_Required action:_
Copy the records below exactly, leaving out every picture.
---- Extracted records
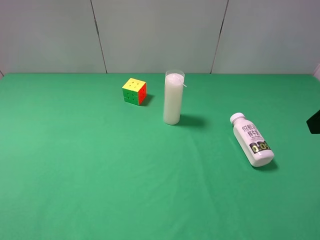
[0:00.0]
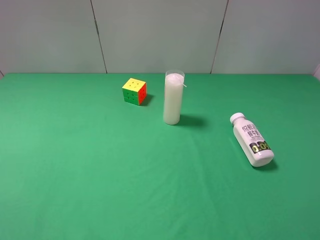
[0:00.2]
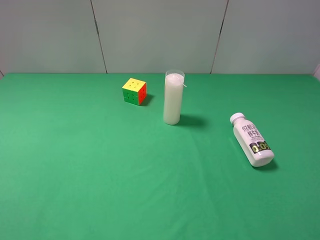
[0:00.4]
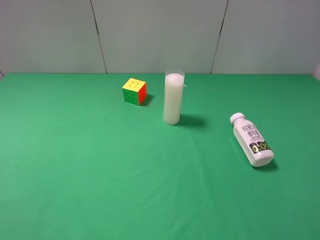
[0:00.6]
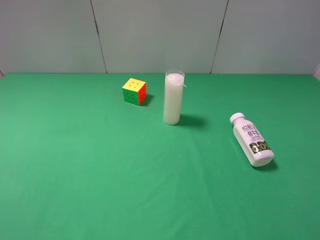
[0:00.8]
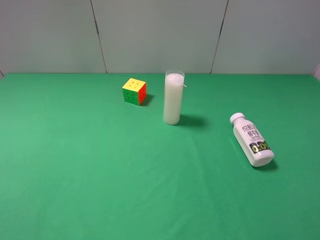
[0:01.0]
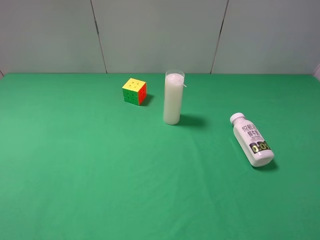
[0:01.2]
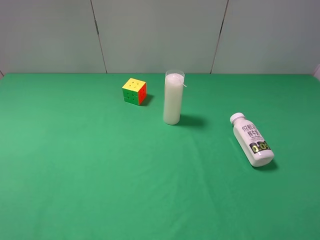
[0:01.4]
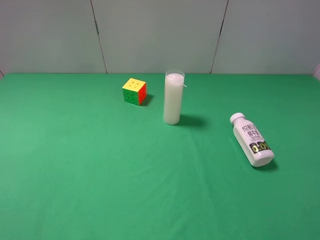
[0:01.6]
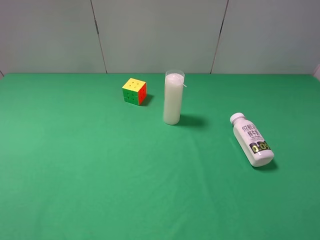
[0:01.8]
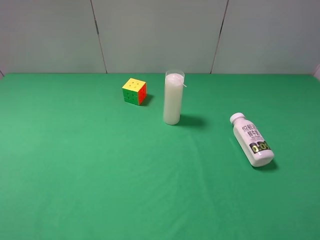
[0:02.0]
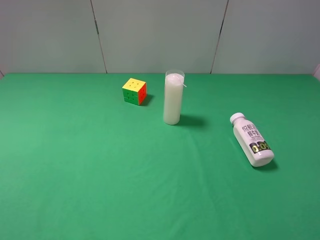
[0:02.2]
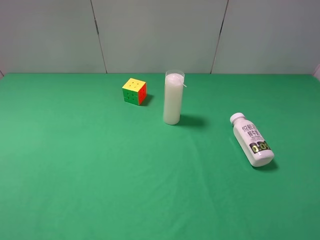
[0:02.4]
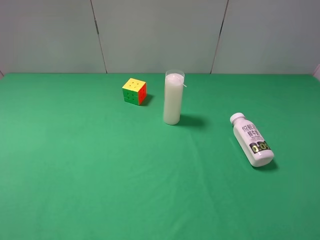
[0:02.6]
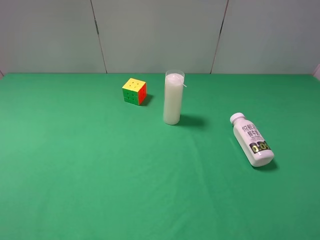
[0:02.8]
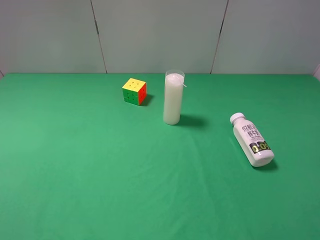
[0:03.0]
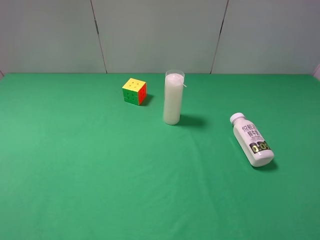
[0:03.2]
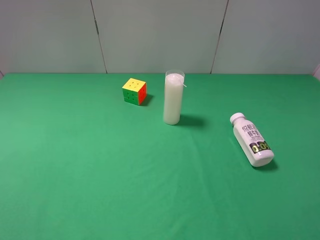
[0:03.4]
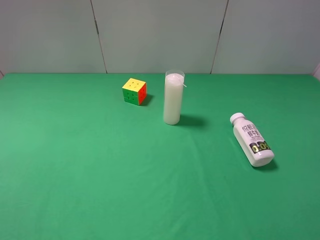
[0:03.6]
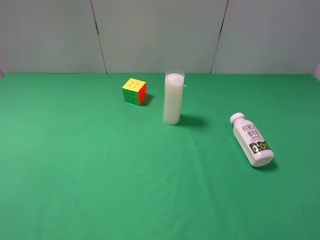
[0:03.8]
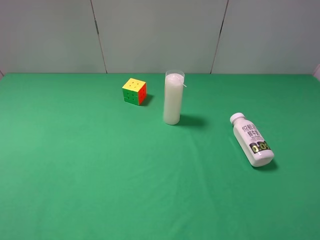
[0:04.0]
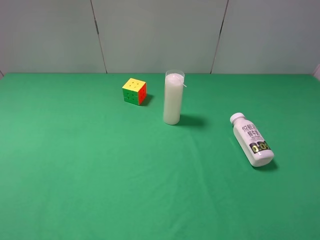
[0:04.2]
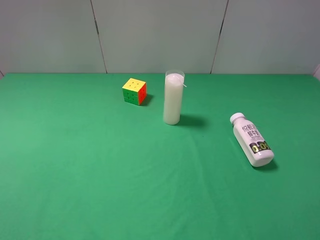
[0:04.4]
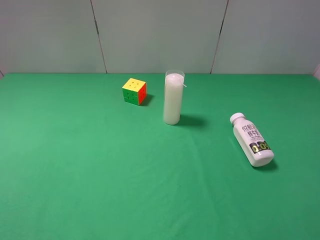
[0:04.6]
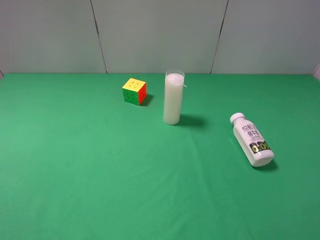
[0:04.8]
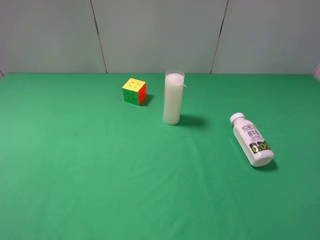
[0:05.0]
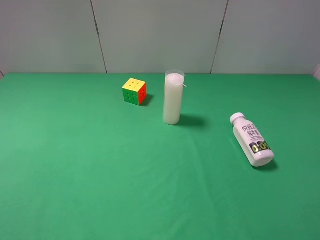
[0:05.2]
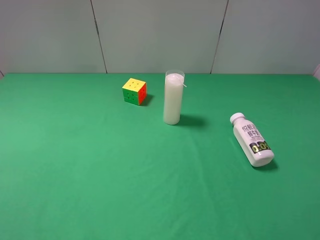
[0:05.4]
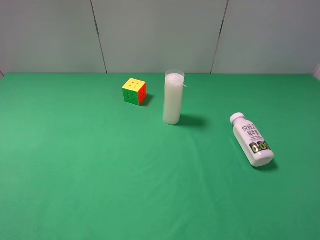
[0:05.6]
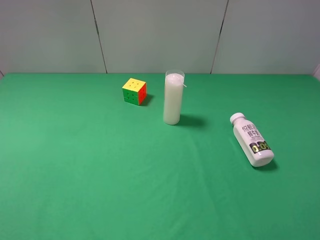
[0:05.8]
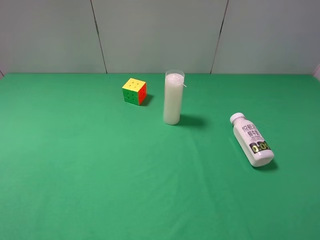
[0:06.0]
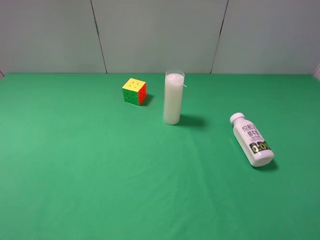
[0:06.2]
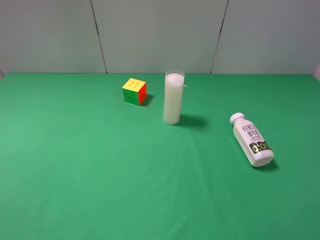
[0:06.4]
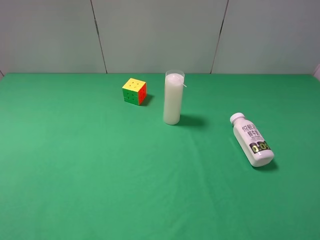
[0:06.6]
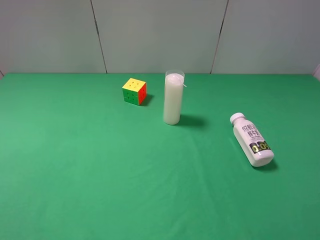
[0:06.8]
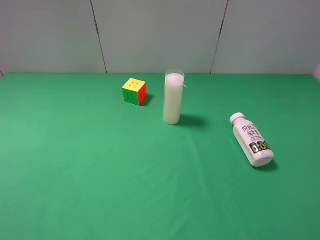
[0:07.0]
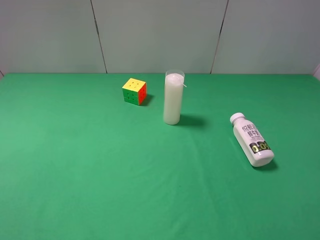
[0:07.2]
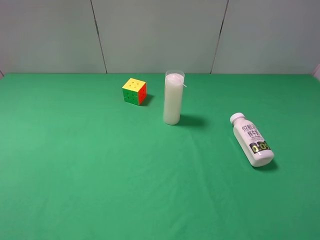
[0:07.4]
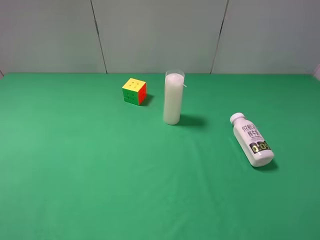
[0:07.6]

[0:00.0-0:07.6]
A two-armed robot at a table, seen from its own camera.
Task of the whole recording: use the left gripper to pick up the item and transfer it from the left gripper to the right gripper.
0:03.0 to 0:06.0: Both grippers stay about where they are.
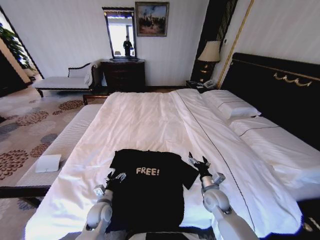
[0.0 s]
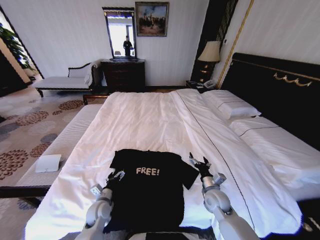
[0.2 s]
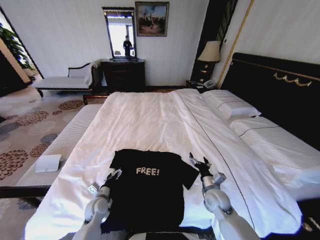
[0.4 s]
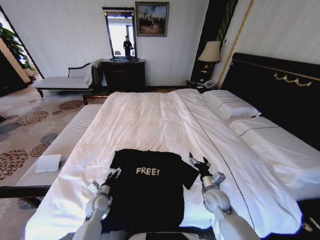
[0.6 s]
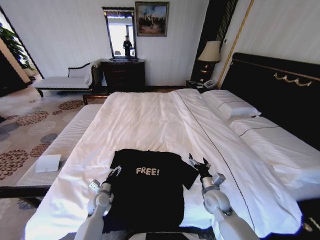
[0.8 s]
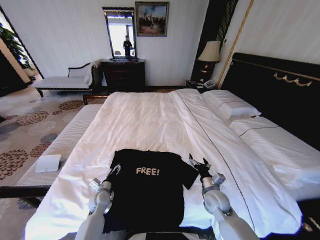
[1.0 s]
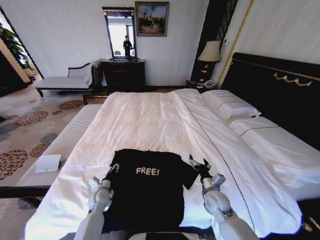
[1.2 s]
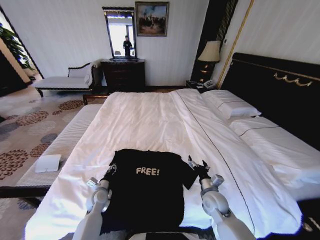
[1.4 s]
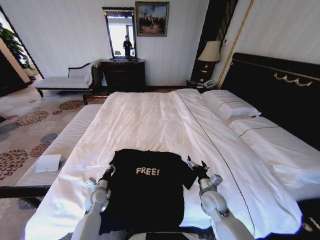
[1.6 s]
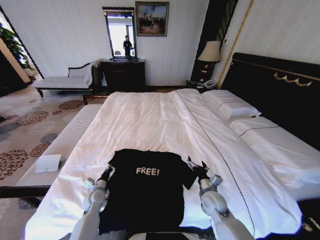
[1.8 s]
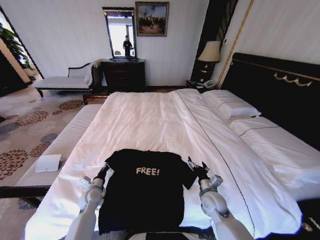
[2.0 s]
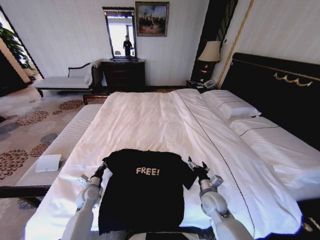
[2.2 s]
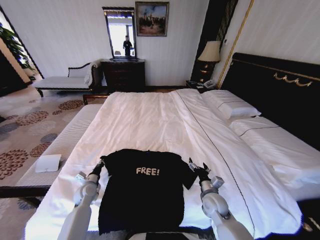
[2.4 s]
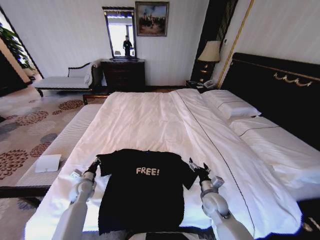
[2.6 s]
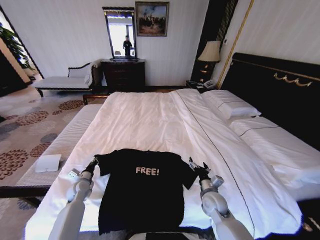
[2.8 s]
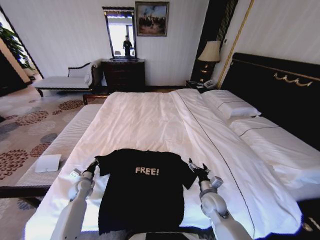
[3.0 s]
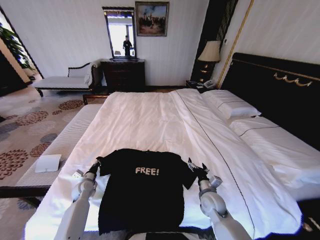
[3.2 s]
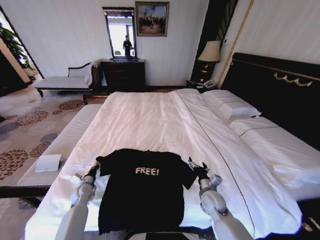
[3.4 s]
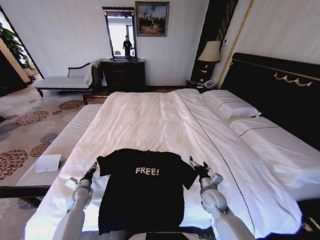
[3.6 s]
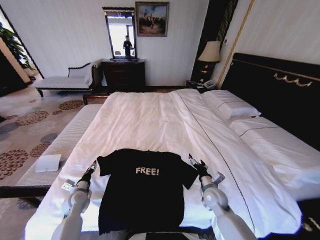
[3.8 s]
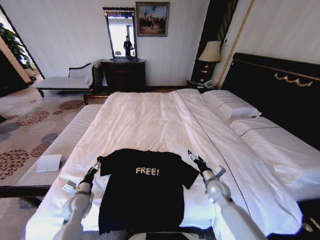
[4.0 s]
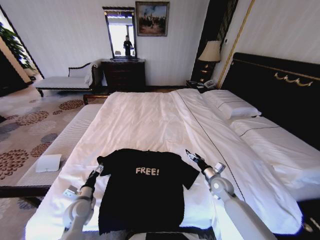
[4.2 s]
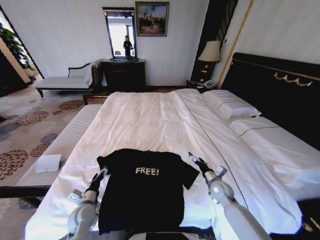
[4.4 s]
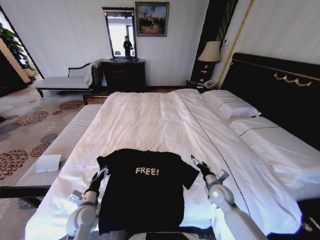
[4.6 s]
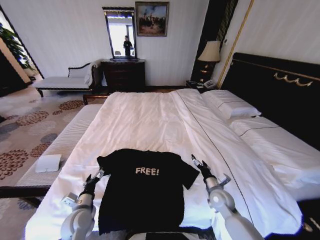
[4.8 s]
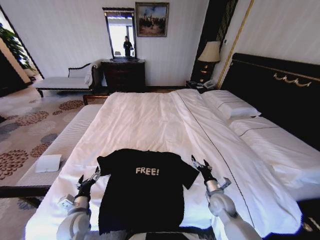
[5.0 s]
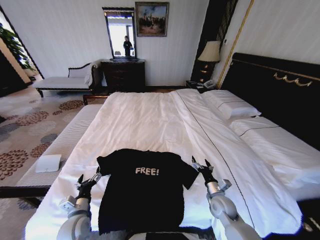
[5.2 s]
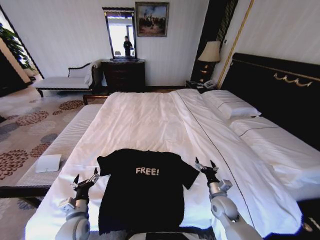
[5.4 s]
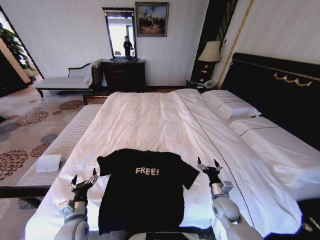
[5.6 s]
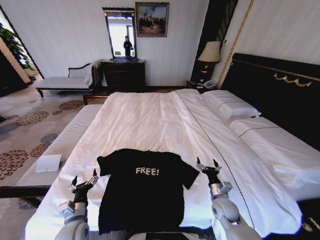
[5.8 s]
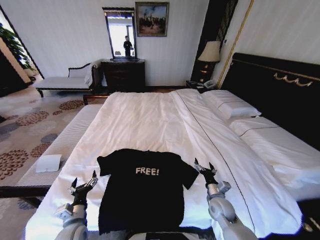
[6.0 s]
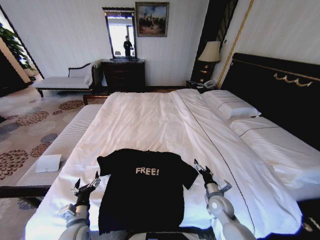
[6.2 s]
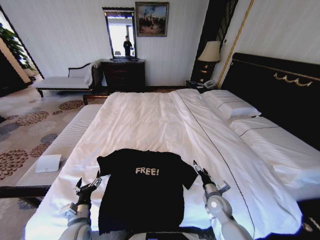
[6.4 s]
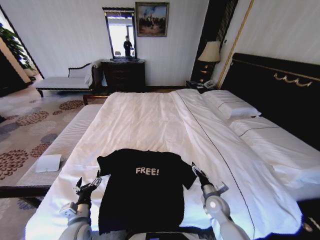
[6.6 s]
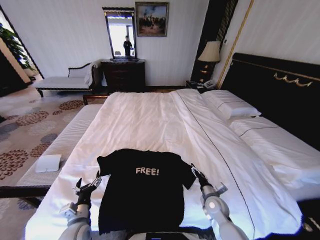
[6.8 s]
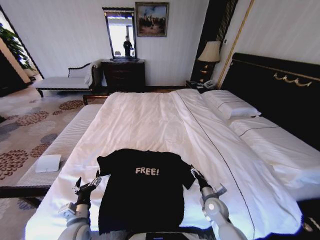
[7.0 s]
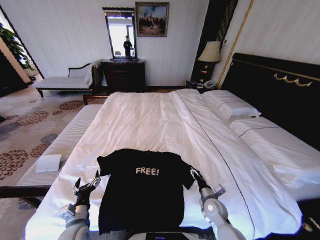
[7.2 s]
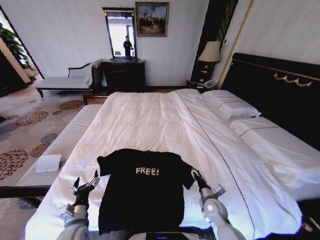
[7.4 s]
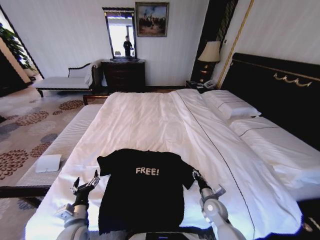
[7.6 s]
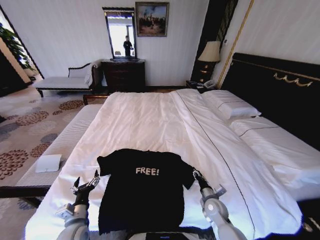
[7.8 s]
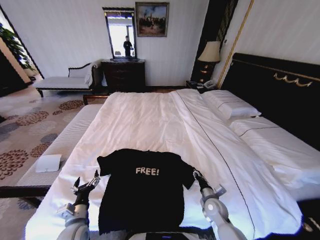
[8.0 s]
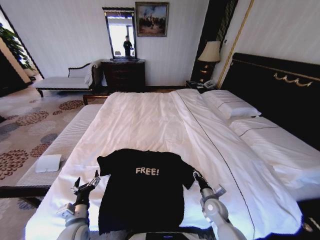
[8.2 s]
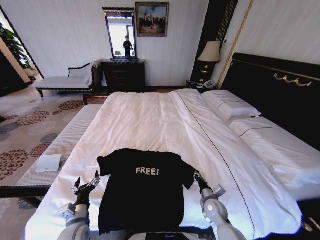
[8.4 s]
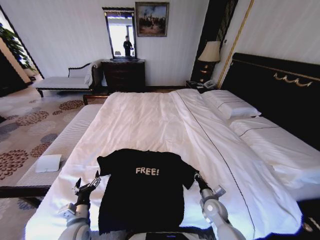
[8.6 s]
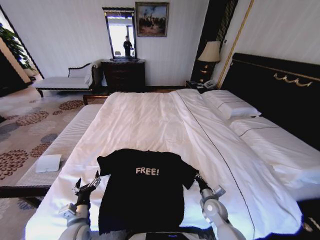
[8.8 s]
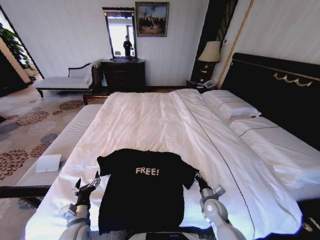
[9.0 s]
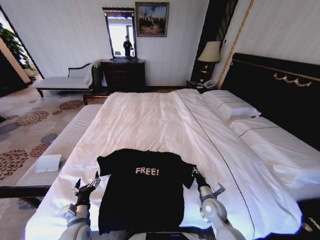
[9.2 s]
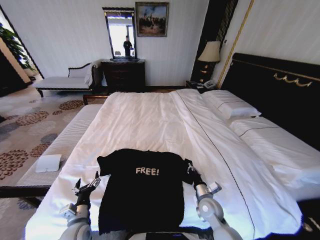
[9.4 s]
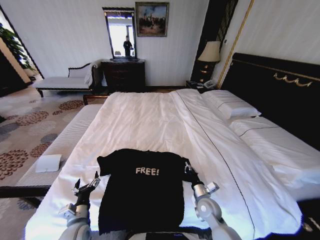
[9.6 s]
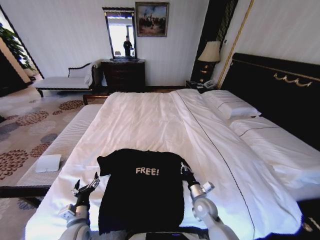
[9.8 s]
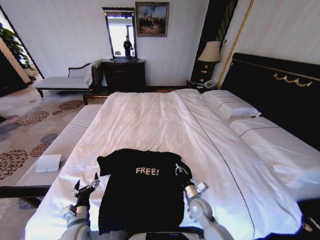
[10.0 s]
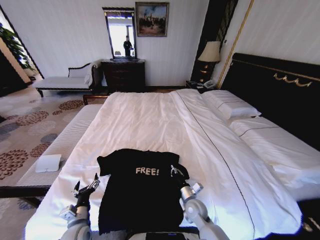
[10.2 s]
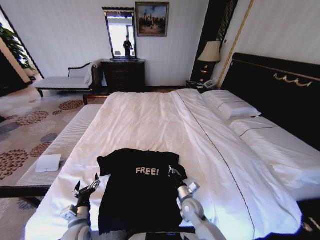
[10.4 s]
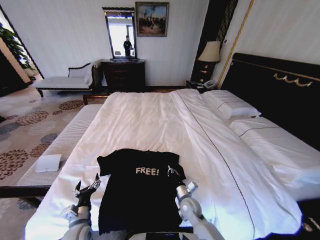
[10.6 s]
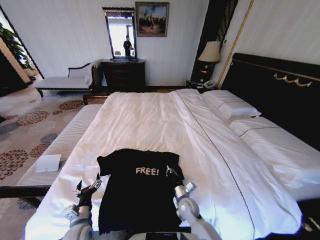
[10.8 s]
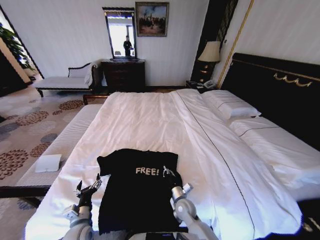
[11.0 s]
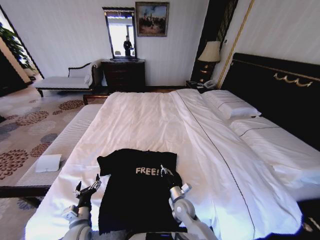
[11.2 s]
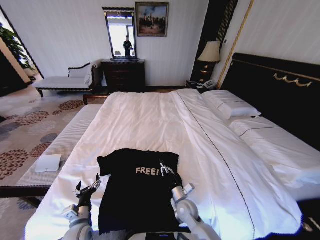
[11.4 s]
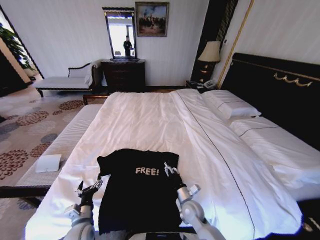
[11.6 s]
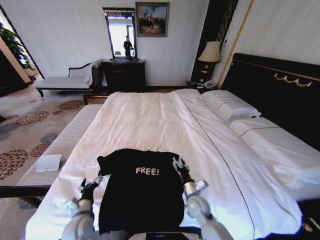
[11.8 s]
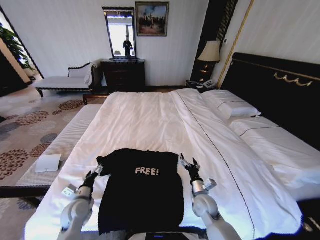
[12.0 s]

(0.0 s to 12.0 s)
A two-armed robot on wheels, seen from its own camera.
--------
_Result of this exercise:_
[0:00.0]
[0:00.2]
[0:00.4]
[0:00.6]
[0:00.8]
[0:01.0]
[0:01.2]
[0:01.4]
[0:01.6]
[0:01.8]
[0:02.0]
[0:02.2]
[0:02.4]
[0:02.6]
[0:02.8]
[0:03.0]
[0:03.2]
[0:03.4]
[0:03.6]
[0:03.8]
[0:04.0]
[0:04.2]
[0:04.4]
[0:04.6]
[0:04.8]
[0:05.0]
[0:05.2]
[0:05.4]
[0:05.6]
[0:05.8]
[0:06.0]
[0:06.2]
[0:06.4]
[0:06.6]
[0:06.8]
[0:07.0]
[0:07.2]
[0:07.4]
[0:07.6]

[0:00.0-0:07.6]
A two-armed robot at a table, seen from its own camera.
Task of the whole recording: use the left gripper to pick up the item and transfer it from the left gripper to the right gripper.
0:03.0 to 0:06.0: Both grippers stay about where they are.
[0.0 s]
[0.2 s]
[0.4 s]
[0.6 s]
[0.8 s]
[1.0 s]
[1.2 s]
[1.4 s]
[1.6 s]
[1.8 s]
[2.0 s]
[2.2 s]
[2.4 s]
[2.6 s]
[2.8 s]
[3.0 s]
[3.2 s]
[3.4 s]
[3.6 s]
[3.8 s]
[4.0 s]
[4.2 s]
[4.4 s]
[4.6 s]
[4.8 s]
[5.0 s]
[5.2 s]
[5.4 s]
[5.6 s]
[5.8 s]
[6.0 s]
[6.2 s]
[6.4 s]
[6.6 s]
[6.8 s]
[7.0 s]
[7.2 s]
[7.4 s]
[7.6 s]
[7.8 s]
[8.0 s]
[8.2 s]
[8.4 s]
[8.6 s]
[8.8 s]
[9.0 s]
[9.2 s]
[9.4 s]
[9.6 s]
[9.8 s]
[10.0 s]
[10.2 s]
[10.4 s]
[10.6 s]
[10.8 s]
[11.0 s]
[11.2 s]
[11.4 s]
[11.6 s]
[11.8 s]
[12.0 s]

(0.0 s to 12.0 s)
A two-armed robot on wheels, seen from its own camera.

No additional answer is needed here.